Tag Archives: Mother Love

The Art of Motherhood

When I was little, I thought all mothers were artists. And musicians. And seamstresses. Like my mother.

Because she had so much creative talent, my mom enriched my  childhood with constant doses of it. She whipped up numerous dresses for me on her old 1940s Singer sewing machine. I was always in style at church or school. And so were my baby dolls. Chatty Cathy & I often wore matching frocks, thanks to Mother’s genius. In fact, until I took this picture, I never realized that little Muffy’s dress wasn’t just like mine.

Muffy & Me

Muffy & Me – Twins!

The turquoise-blue, dotted-Swiss number I wore for my portrait (about four years of age), was a rare store-bought dress. But Mother found similar material for Muffy’s look, added some fancy lace, & I thought we were twins.

For my birthday, Mother sometimes drew beautiful ladies on white cardboard, the stiff backing saved from packages of nylons.

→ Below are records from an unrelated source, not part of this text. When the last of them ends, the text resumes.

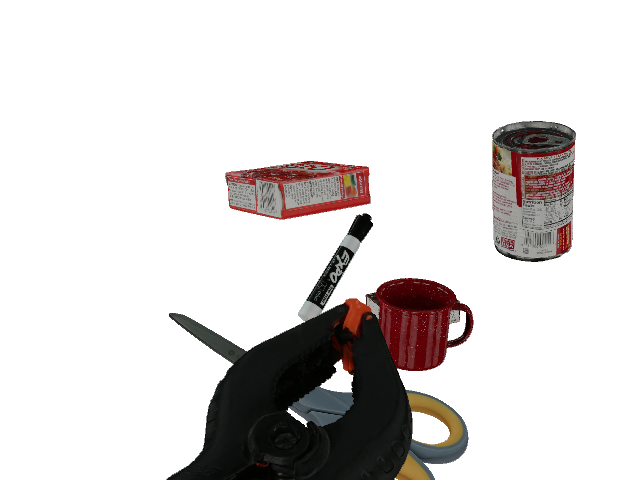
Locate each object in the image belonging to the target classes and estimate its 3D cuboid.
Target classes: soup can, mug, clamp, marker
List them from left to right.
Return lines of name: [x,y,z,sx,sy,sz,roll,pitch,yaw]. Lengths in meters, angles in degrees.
clamp: [-0.006,0.091,0.389,0.120,0.039,0.171,26,50,18]
marker: [0.016,0.025,1.017,0.020,0.121,0.020,28,-18,10]
mug: [0.121,0.099,1.249,0.117,0.081,0.093,-1,22,-7]
soup can: [0.179,-0.041,0.898,0.068,0.102,0.068,-4,25,2]

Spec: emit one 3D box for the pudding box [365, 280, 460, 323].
pudding box: [0.135,0.099,1.562,0.113,0.039,0.090,-13,22,-20]

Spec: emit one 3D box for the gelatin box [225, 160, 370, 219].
gelatin box: [-0.017,-0.038,0.769,0.073,0.030,0.089,-10,12,-28]

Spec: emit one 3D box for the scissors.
scissors: [0.005,0.086,0.633,0.096,0.016,0.202,-22,48,-34]
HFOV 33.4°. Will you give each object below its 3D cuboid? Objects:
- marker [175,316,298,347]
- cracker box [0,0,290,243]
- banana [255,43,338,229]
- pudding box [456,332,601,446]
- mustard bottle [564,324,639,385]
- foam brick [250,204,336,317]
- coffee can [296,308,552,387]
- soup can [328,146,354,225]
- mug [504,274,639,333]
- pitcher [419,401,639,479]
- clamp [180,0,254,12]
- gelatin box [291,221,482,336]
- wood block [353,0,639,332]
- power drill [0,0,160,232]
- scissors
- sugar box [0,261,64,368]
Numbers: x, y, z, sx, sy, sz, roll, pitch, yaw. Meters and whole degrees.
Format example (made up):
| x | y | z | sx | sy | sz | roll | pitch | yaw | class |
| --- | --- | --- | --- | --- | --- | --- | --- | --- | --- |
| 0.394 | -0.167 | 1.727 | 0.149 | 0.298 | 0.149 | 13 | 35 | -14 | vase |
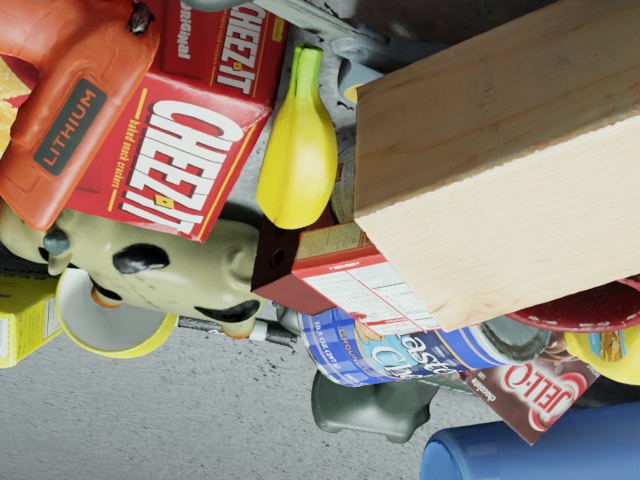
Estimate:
| x | y | z | sx | sy | sz | roll | pitch | yaw | class |
| --- | --- | --- | --- | --- | --- | --- | --- | --- | --- |
| -0.079 | 0.075 | 0.935 | 0.121 | 0.020 | 0.020 | 11 | 155 | -4 | marker |
| -0.141 | -0.079 | 0.559 | 0.213 | 0.072 | 0.164 | 15 | 153 | -12 | cracker box |
| -0.010 | -0.038 | 0.548 | 0.037 | 0.069 | 0.198 | 17 | 172 | -3 | banana |
| 0.155 | 0.091 | 0.796 | 0.113 | 0.090 | 0.039 | 43 | -179 | -37 | pudding box |
| 0.208 | 0.039 | 0.668 | 0.058 | 0.096 | 0.192 | 13 | 155 | -13 | mustard bottle |
| -0.004 | 0.001 | 0.682 | 0.051 | 0.078 | 0.053 | 24 | 149 | -29 | foam brick |
| 0.069 | 0.040 | 0.709 | 0.141 | 0.103 | 0.102 | -15 | 146 | 42 | coffee can |
| 0.062 | -0.032 | 0.599 | 0.102 | 0.068 | 0.068 | -14 | 147 | 41 | soup can |
| 0.155 | -0.003 | 0.613 | 0.093 | 0.081 | 0.117 | 22 | 153 | -27 | mug |
| 0.211 | 0.206 | 0.927 | 0.242 | 0.145 | 0.149 | -1 | 147 | -17 | pitcher |
| 0.056 | -0.128 | 0.377 | 0.209 | 0.036 | 0.165 | 11 | 133 | -31 | clamp |
| 0.040 | 0.021 | 0.601 | 0.073 | 0.030 | 0.089 | -12 | 143 | 39 | gelatin box |
| 0.126 | -0.047 | 0.451 | 0.206 | 0.090 | 0.090 | -20 | 133 | 24 | wood block |
| -0.176 | -0.082 | 0.439 | 0.187 | 0.057 | 0.184 | 32 | 106 | -18 | power drill |
| 0.007 | -0.088 | 0.500 | 0.201 | 0.016 | 0.096 | 8 | 170 | -39 | scissors |
| -0.245 | 0.052 | 0.811 | 0.093 | 0.048 | 0.176 | 6 | -169 | 3 | sugar box |

She sketched enough so each invited guest could take away her own, original paper doll. Each doll wore a unique hairstyle & bathing suit. And each had a large sheet of art paper filled with tabbed clothes. During the party, we could fill in the outfits using new sets of colored pencils. Scissors were provided so each girl could cut out clothing for her doll to model. We lay on the living room tiles, industrious, creating our own masterpieces.

Probably the only time we were quiet all day.

Paper Doll

Though I no longer have the paper dolls, I have a lot of my mother’s drawings that are reminiscent.

When I think of how much time & love Mother put into such projects on my behalf, I feel rich. Now that she is in Heaven, these memories are great treasures.

I hope I remembered to thank her adequately.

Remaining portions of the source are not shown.